Pennsylvania Project
Quantifying the Roles of Changing Watershed Conditions and Biotic Interactions in Structuring Pennsylvania Stream Fish Communities
February 2020 - January 2022
Personnel
Participating Agencies
- Pennsylvania Sea Grant
Understanding and predicting fish community interactions and their response to environmental stressors is of utmost importance for fisheries and water resource management. For example, state agencies and other water resource agencies rely on knowledge of stream and river fish communities for assessment programs, many of which have regulatory ramifications and implications for water and fisheries management and aquatic resource use activities. However, traditional fish community studies fail to accommodate potential interactions that exist among the entire fish assemblage and thus represent an overly simplistic view of community dynamics.

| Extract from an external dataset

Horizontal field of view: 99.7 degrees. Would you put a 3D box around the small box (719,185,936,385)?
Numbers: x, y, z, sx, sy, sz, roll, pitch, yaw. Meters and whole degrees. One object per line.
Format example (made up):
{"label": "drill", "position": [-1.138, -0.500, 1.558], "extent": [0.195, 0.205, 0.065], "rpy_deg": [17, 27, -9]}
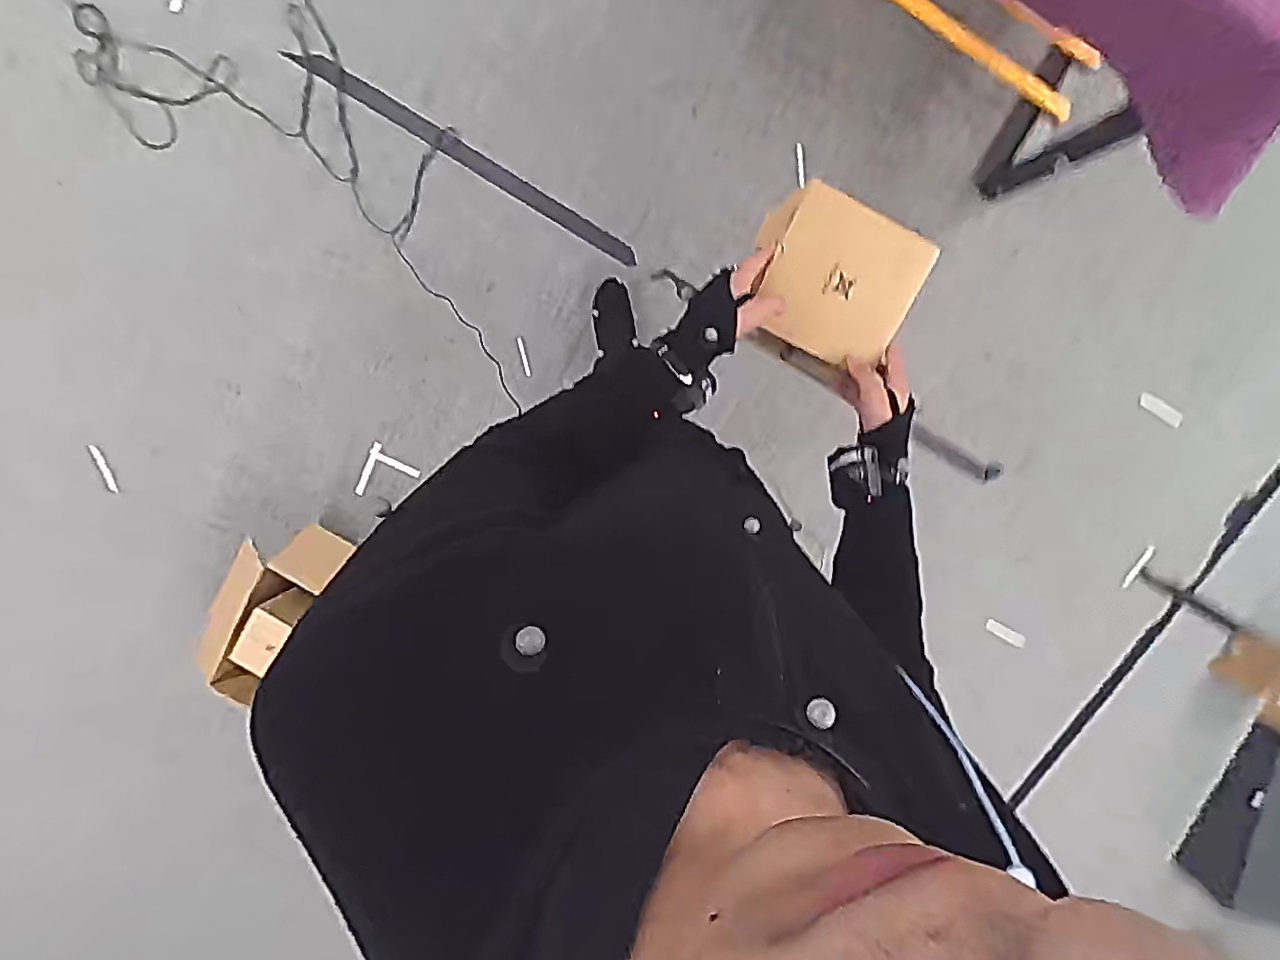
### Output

This is important because treating species independently when quantifying and predicting their responses to changing watershed conditions ignores potential dependencies between species due to biotic interactions and can lead to erroneous predictions. Therefore, the overarching goal of this research is to help inform fisheries and water resource management and conservation by improving our understanding of the relative roles of fish species interactions, environmental factors, and how species traits influence a species’ response to changing watershed conditions in Pennsylvania streams and rivers. The project is in collaboration with the Pennsylvania Fish and Boat Commission, the Pennsylvania Department of Environmental Protection, the Susquehanna River Basin Commission, and Penn State University.